And and for her, it was this thing had happened to me, a traumatic experience, and it really had drawn a line between a line right under her the top of her triangle where the word commitment. And I said, so why don't you just why are you still even in this if you're so afraid of being in a relationship? She's like, because I were such good friends. And I'm so attracted to him. She wouldn't give it up and I was I thought this is exactly
You know, you could see her arrows on both sides of this triangle just trying to bust through that line. And that's what she did. You know, I'm like, Okay, you gotta text me everything that's happening, you know, in this in this relationship. You've gotta text me all this and and let me know and come back and visit with me and
And and she just continued to press through it, you know, and I I said, I think you ought to see maybe a therapist and talk through this because you you've got a line here because of some trauma. And so there is the there is, but I have found that actually to be the unusual, not the usual. There will be the person who says, I have commitment issues because of some trauma that happened in my life. So now I'm gonna go back to your question.
When you get to the point where you say, I'm probably not gonna learn more about you in terms of I know everything I need to know to get married. You know, and and I'm not gonna say the number of months, but but when you go, I know your likes and your dislikes and your hopes and your dreams.
And I know if they're compatible with my likes, my dislikes, my hopes and my dreams and my standards, then I know enough. And then you find I mean some things you find out after you're married, right, with each other. That was a great question. Thank you. Great answer. Well, I've been doing this right. I've practiced that answer a few times. So let's go over to the other side of the triangle. Let's look at physical attractions.

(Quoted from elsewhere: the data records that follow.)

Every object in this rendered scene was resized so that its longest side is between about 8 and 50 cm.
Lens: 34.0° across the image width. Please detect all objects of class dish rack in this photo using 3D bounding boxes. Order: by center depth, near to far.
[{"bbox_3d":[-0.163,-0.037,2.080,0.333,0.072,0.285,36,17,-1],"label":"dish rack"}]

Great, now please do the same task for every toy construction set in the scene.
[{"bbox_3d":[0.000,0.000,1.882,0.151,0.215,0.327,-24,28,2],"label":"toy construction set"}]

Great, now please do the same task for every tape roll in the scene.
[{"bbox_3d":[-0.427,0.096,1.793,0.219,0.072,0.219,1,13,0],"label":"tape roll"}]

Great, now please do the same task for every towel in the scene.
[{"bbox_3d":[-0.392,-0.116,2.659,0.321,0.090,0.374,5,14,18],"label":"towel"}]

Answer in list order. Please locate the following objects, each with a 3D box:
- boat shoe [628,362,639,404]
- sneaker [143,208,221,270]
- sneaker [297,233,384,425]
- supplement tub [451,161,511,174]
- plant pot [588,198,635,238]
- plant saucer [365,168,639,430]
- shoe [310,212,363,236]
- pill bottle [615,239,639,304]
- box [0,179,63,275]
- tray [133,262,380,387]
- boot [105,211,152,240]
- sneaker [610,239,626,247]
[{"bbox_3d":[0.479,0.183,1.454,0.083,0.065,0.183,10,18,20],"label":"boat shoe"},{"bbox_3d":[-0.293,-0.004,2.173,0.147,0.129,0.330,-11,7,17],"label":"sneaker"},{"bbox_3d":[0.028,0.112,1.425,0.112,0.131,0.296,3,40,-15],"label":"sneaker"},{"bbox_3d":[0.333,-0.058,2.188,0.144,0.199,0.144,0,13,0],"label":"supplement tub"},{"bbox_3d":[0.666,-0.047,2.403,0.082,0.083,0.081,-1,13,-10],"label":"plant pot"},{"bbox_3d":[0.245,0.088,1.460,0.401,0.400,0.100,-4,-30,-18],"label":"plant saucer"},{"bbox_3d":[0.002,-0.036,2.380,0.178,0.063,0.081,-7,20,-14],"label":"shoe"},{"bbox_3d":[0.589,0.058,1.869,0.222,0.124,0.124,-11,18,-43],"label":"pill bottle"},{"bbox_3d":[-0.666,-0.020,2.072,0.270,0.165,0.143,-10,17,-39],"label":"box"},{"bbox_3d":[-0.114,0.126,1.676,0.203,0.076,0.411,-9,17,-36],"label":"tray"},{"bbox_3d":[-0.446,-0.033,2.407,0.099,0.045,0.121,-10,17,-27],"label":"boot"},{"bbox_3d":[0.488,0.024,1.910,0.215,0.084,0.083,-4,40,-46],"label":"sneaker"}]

Um now we've all had this happen, right? I'm sure all four of us at this table. If my wife was here, she would say, Oh yes, this is this is'cause we have four daughters who are all marriage age, whatever that is. Um and uh that that have you ever been friends with somebody and you're like, wow, my desire to be around them all the time, right? Because we're such great friends
I'm just not physically attracted to them. So the friendship thing is rocketing. And you go, if you were only like, if I only wanted to kiss you. And and it and often it doesn't have anything to do with their looks. It's just I'm just not they could be the best looking person in the world. You know, like I just am not physically attracted to you. And you know what we call that?
We call it the friend zone. Yeah, that's exactly right. And we say this in episode five a little bit, which I listened to at the start of today. Um that that i if you have all this friendship going But you're not physically attracted, that makes a really great, right? That makes a really great friendship. But on the flip side, have you ever had a physical attraction going where you go, wow, you and I just, you know, there is chemistry, there's sparks between us.

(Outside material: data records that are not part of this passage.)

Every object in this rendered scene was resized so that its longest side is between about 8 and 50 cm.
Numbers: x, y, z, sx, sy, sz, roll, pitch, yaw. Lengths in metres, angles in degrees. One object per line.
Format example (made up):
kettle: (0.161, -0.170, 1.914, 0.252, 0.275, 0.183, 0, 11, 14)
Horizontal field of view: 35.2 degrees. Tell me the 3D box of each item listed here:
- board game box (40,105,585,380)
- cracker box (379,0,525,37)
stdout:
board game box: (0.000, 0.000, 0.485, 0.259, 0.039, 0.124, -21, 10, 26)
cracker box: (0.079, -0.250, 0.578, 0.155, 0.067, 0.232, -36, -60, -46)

But I realize we're not and Compatible. And you wish you were compatible with your
¶ Building a Lasting Relationship: Friendship and Physicality
And often this triangle gets skewed, right? Where like your physical attraction is climbing towards commitment, but your friendship is declining towards breaking up. Or your friendship is climbing and your physical attraction is declining and you go, so how do you ever get married? There's a long pause. This is not a break in the episode, right? Here we're where Kayla's editing. You get married to somebody that you have both of those, right? Where you go
I'm physically attracted to you. I there's that passion between us. And I'm stealing this from Bruce Armakonke again, where he said it there should be that attraction that should exist, does exist, and you should have this compatibility. But y you see the attraction going up, the friendship going up. And then you go, I want to be your friend forever and I want to be right in love with you, your lover, right? Your physical attractive forever.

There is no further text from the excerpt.